WHO: Where's My Challenge
WHAT: Bunch of absolute lads doing deplorable things to themselves
HOW MANY SUBSCRIBERS AT TIME OF WRITING: 1,026,583
WHY SHOULD I CARE: I don't know what kind of people you hung out with at school, but there's a chance you were part of a crew like this if you're a bit of a provincial bod. A bunch of guys getting together, looking in the cupboards of their mum's house, finding the garlic salt and eating the lot of it. Snorting pepper. Tabasco eye drops. The kids who will finger a dog shit for sweet money. 'What happened to those guys?' you sometimes wonder. Well, I'm here to tell you: they aged slightly and now upload videos of themselves doing all that stuff.
Where's My Challenge is kind of like the British equivalent of American gross-out mainstay Wreckless Eating.
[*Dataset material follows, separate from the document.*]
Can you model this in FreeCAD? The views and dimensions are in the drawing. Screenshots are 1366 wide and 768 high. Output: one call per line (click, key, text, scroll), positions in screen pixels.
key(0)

It's four young men in their twenties who hang out in one of their houses (or mum's houses, it's unclear which) and pit themselves against food, drink, hot sauce, peppers, blood, pain and other assorted disgusting and upsetting things. Why? For the banter, of course. But also for the views.
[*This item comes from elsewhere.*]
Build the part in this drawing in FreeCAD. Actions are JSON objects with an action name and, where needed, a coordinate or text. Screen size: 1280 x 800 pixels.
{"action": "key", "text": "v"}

The lads have just surpassed a million subscribers. This is the holy grail on YouTube; it's the sign that you're ready to join the upper echelons. Before you know it you'll be rubbing shoulders with the YouTube elite, like Pewds and Smosh and The Fine Bros. The big dogs. It also means that you're ready to make some decent money from it. You'll be catching the eye of advertisers and brands who will want you to make them bespoke videos. Sure deodorant asking you to spray it on your tongue, stuff like that. They're on their way, these kids, and I'm happy for them.
The thing is, the Where's My Challenge crew are just a bunch of nice guys. They're slightly nerdy, poorly dressed, sweet natured English boys. The Inbetweeners come to life. They're the type to call things "gay", only to be mortified when someone gently tells them it's not on. For a load of geezers who try to drink 18 Coronas in one sitting and consume edible cow blood in hotel rooms, they're surprisingly endearing.
Their Yank counterparts, the aforementioned Wreckless Eating, are less so. Their outfit is a little more coarse, their characters less palatable. One member in particular, Chris Collins, is a crude, crass, portly, aggressive dolt who posts racist memes on Instagram. The whole operation is just a bit more fratboy-esque. It's more like Jackass, but not even remotely as funny, and the people involved nowhere near as lovable.
That's why Where's My Challenge is better. They're not punch-down types like the Americans are. It's almost as if they're contained in their own microcosm, like they don't leave the house unless it's to buy more dried out bugs to eat from the local fishing shop. All they do is vomit out gummy bears and film it.
Their personality types lend themselves to the popularity, too. You always watched and coaxed your peers at school into doing this stuff, but sometimes it would have a slightly sinister edge to it. There's goading your mates on who are doing it to make you laugh, then there's prodding the lame kids who are desperate for acceptance. Where's My Challenge certainly falls into the former category, especially as the guys have each other as the coaxers and goaders, and not exterior influences (though they do take suggestions in comments).
What is there to say about four young men debasing themselves on camera other than it makes for great viewing? Well, as we've garnered from the Americans, it takes a little bit of nuance to be watchable. A friendliness – a sweetness, even. If I'm going to sit and watch nine minutes of some blokes vomiting into a bin after imbibing a gallon of hot sauce, I want to feel like I could have some small talk with them after they brush their teeth.